Stored data entries
○ ○ ○ ○ ○ ○ ○
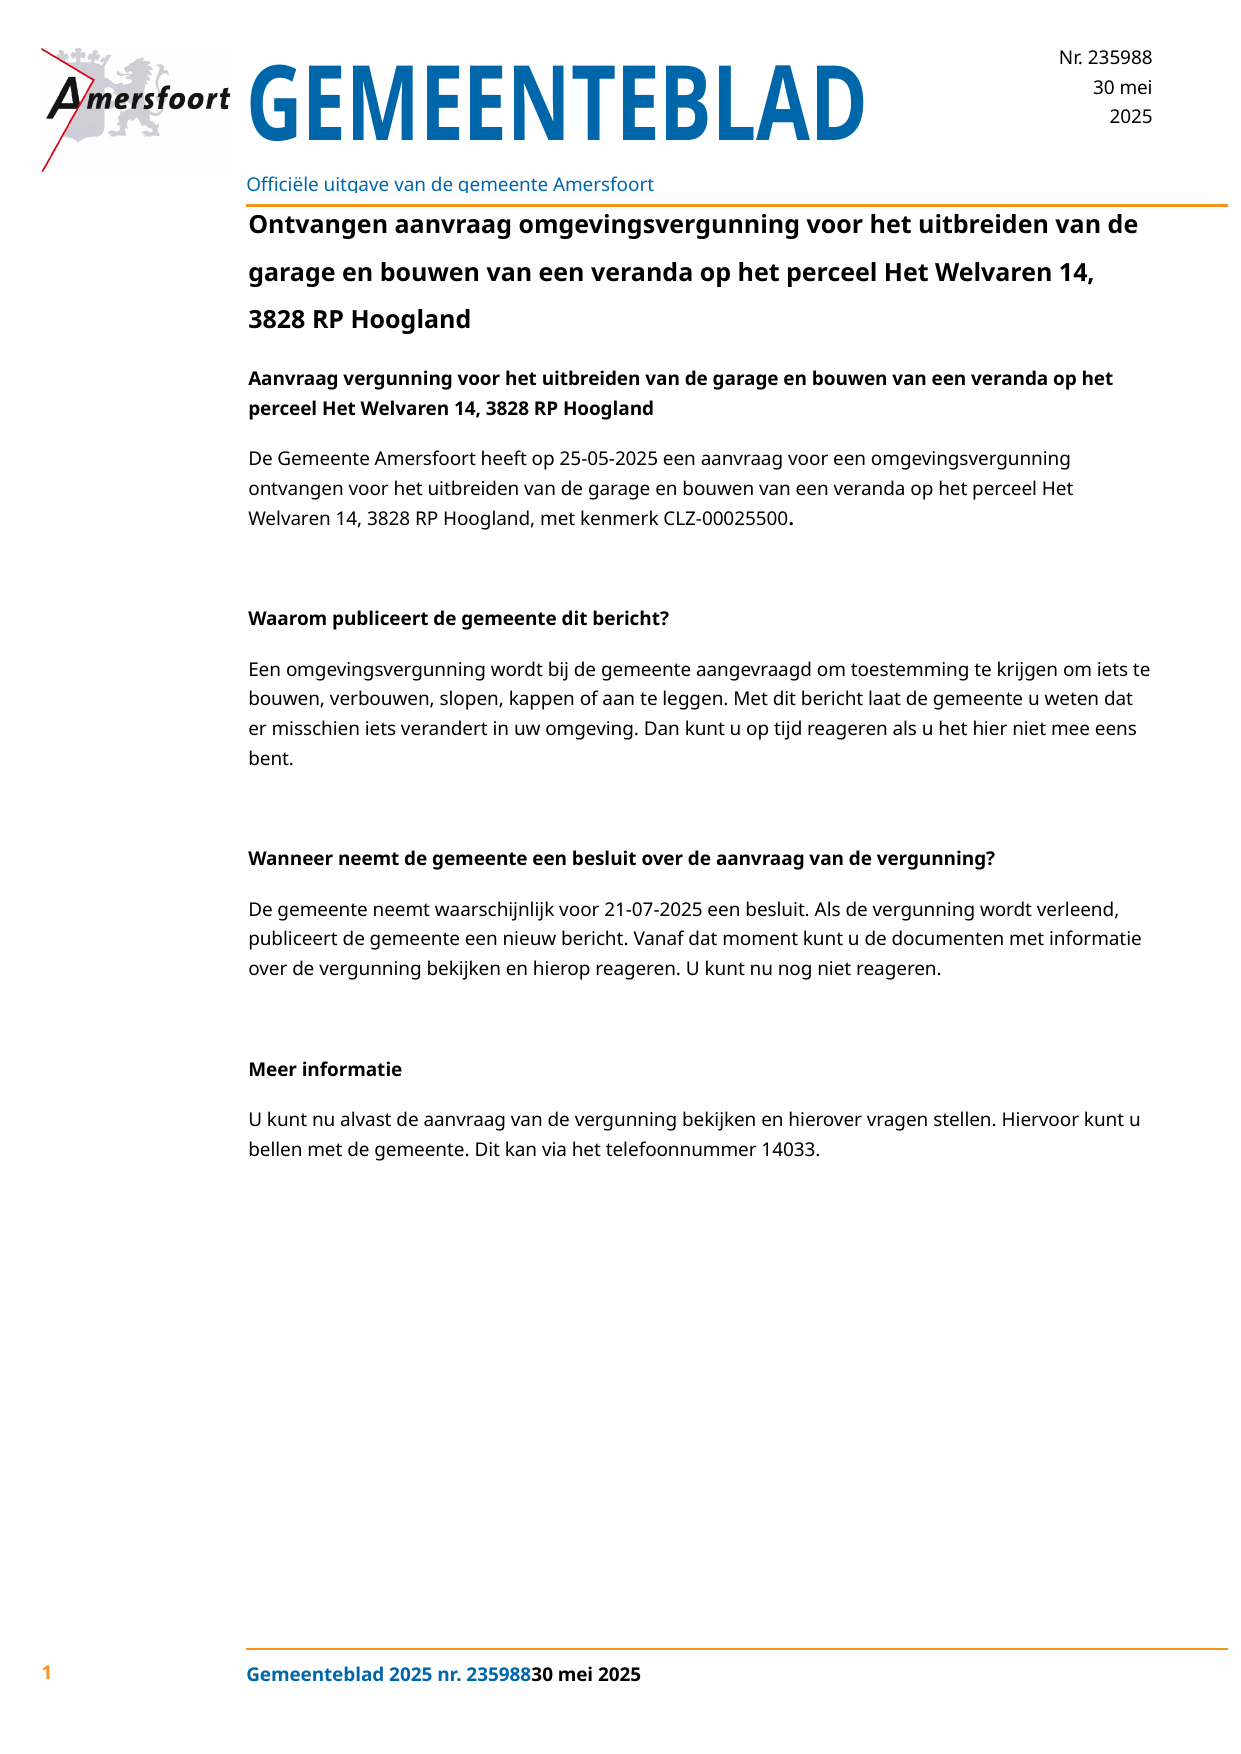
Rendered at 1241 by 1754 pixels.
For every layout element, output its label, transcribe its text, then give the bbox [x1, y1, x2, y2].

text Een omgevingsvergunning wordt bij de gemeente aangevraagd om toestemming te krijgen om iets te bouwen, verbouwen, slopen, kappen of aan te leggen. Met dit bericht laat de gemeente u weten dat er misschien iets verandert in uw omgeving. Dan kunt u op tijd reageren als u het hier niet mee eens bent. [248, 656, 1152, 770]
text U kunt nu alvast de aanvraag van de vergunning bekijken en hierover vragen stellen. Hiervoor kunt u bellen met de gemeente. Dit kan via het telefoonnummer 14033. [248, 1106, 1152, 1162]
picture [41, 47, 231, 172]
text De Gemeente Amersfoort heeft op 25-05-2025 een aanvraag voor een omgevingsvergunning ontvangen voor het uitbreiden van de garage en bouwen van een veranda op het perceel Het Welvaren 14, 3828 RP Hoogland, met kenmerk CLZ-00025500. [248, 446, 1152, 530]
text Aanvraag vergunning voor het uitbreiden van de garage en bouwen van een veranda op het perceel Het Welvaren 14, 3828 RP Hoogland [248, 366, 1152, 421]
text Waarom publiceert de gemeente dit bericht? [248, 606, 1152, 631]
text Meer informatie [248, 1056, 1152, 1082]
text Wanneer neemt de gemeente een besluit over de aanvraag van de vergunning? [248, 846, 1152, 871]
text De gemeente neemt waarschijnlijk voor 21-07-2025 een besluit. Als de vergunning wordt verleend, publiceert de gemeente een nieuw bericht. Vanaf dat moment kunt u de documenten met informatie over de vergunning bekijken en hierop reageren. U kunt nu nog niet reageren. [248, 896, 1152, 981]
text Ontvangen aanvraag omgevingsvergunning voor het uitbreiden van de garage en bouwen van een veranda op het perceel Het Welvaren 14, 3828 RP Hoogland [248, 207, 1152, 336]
○ ○ ○ ○ ○ ○ ○
TASK DIRECTIONS
The lines to copy are those in the records above containing the word "besluit".

FINISHED EXERCISE
text Wanneer neemt de gemeente een besluit over de aanvraag van de vergunning? [248, 846, 1152, 871]
text De gemeente neemt waarschijnlijk voor 21-07-2025 een besluit. Als de vergunning wordt verleend, publiceert de gemeente een nieuw bericht. Vanaf dat moment kunt u de documenten met informatie over de vergunning bekijken en hierop reageren. U kunt nu nog niet reageren. [248, 896, 1152, 981]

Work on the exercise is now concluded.